Relationships with other shop owners are cordial, but not very close. From his perspective Nishiogi is not a place with strong community traditions or activities. “Well, I don't think there is much going on with that [relationships between stores]. If you go to Koenji, they have the Awaodori festival every year, and same with Asagaya. They have their own festivities. But Nishiogikubo has so many small shopping arcade areas that they are all kind of independent, I guess.”

 

Yoshioka has been running the restaurant for more than 20 years, so we asked him if he is close with any of his customers. He said, “I don't have anyone particularly close to me who is a customer, but I know there are a few repeaters of my place.”

 

The business has slowed a bit in recent years, and except for a university student who comes to help out on the weekends, he now runs the restaurant alone.
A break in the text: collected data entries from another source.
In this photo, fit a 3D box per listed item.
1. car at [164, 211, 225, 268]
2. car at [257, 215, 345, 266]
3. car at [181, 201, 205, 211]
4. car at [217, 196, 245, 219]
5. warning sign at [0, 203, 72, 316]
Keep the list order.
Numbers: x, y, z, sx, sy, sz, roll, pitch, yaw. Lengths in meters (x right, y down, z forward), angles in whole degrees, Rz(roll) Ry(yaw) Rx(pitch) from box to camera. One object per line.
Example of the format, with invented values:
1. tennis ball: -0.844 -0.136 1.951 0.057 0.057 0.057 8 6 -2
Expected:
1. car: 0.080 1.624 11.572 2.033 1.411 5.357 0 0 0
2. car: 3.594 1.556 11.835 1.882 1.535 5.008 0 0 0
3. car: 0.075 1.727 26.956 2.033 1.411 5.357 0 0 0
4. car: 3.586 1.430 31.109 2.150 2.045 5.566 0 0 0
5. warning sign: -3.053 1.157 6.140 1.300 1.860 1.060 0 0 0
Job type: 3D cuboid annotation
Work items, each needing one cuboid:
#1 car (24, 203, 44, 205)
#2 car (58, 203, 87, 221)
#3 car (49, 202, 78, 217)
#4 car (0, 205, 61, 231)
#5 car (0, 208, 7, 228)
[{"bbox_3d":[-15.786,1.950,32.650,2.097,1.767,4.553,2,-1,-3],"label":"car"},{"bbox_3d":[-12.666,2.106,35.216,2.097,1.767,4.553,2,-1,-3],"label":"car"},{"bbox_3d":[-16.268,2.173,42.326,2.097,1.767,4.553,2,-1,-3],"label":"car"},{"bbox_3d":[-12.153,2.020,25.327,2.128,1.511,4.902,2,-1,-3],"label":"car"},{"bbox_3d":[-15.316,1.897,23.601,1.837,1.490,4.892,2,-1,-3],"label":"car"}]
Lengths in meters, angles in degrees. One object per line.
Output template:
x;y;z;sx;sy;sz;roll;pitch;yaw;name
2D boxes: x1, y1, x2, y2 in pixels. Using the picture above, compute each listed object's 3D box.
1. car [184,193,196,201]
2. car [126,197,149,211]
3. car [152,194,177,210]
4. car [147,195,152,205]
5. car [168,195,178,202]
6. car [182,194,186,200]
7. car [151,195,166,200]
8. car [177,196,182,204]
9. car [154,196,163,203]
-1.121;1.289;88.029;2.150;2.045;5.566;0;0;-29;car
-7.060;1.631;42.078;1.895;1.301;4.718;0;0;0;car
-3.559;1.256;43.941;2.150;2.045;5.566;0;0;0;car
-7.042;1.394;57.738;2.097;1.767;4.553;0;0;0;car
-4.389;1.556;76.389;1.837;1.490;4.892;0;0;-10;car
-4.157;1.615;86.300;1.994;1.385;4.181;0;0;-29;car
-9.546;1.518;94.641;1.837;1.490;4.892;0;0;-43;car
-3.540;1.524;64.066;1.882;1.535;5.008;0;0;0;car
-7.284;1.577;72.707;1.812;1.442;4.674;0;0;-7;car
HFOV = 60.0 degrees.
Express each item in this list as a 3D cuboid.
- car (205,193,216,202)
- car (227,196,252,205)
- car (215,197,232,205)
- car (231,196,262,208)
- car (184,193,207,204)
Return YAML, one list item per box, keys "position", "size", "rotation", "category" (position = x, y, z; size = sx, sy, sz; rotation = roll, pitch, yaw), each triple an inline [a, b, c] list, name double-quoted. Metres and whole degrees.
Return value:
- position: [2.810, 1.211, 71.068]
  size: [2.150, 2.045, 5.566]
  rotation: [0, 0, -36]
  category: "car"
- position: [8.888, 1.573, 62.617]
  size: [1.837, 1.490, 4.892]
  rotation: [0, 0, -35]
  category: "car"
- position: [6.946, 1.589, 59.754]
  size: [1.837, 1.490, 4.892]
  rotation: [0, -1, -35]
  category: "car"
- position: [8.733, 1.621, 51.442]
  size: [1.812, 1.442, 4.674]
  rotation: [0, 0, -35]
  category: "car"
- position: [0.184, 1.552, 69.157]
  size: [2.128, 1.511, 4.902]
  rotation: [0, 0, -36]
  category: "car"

Tastes seem to have changed, he said. “Recently, if I have to say, the Japanese have become more inward looking. They have an interest in Japanese-style things. In the restaurant business, it used to be that people were really into something new, trying out this and that. Now the young people have become more conservative.”

 

Although the type of inexpensive Japanese izakaya that appeals to young people, El Quixico is a restaurant that everyone in the neighborhood knows. Well before the advent of the “bistro battle ground” around Nishigoi station, El Quixico was one of the few destination restaurants in the area, an eatery to which customers, especially Tokyo expatriates, would endure long train rides to sample the Mexican fare. It was the forerunner in the Nishiogi restaurant boom we see today (James Farrer, Arisa Matsumura, June 15, 2017).